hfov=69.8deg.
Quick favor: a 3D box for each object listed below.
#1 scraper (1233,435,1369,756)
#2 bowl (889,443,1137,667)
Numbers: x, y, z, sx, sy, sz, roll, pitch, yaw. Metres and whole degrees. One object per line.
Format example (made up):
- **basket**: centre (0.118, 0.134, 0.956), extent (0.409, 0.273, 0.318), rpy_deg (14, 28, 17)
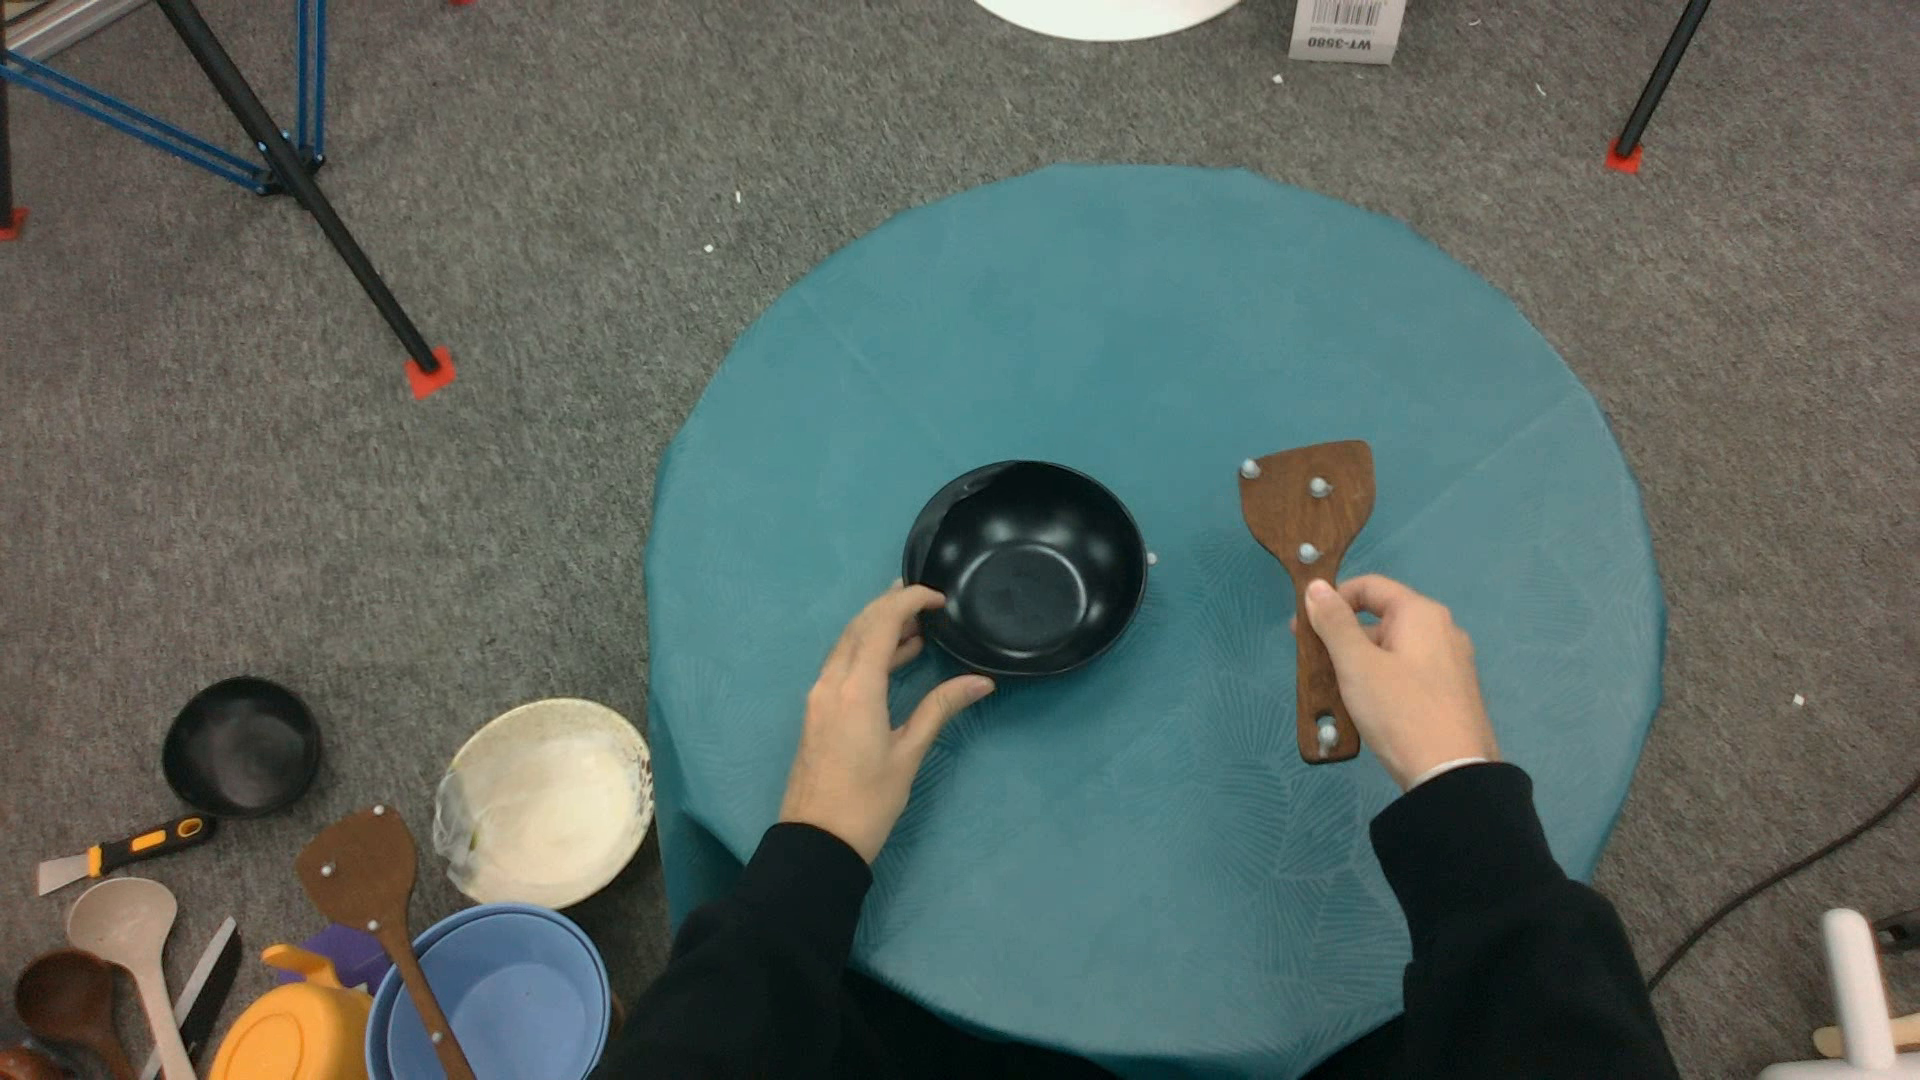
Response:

### Problem description
What is needed is an exact copy of every line from the one with "#1 scraper (1233,435,1369,756)" to the end of the listing above, with the pictures left out.

### Answer area
#1 scraper (1233,435,1369,756)
#2 bowl (889,443,1137,667)
Numbers: x, y, z, sx, sy, sz, roll, pitch, yaw. Metres and whole degrees. One object per line.
Format example (made up):
- **basket**: centre (0.118, 0.134, 0.956), extent (0.409, 0.273, 0.318), rpy_deg (14, 28, 17)
Response:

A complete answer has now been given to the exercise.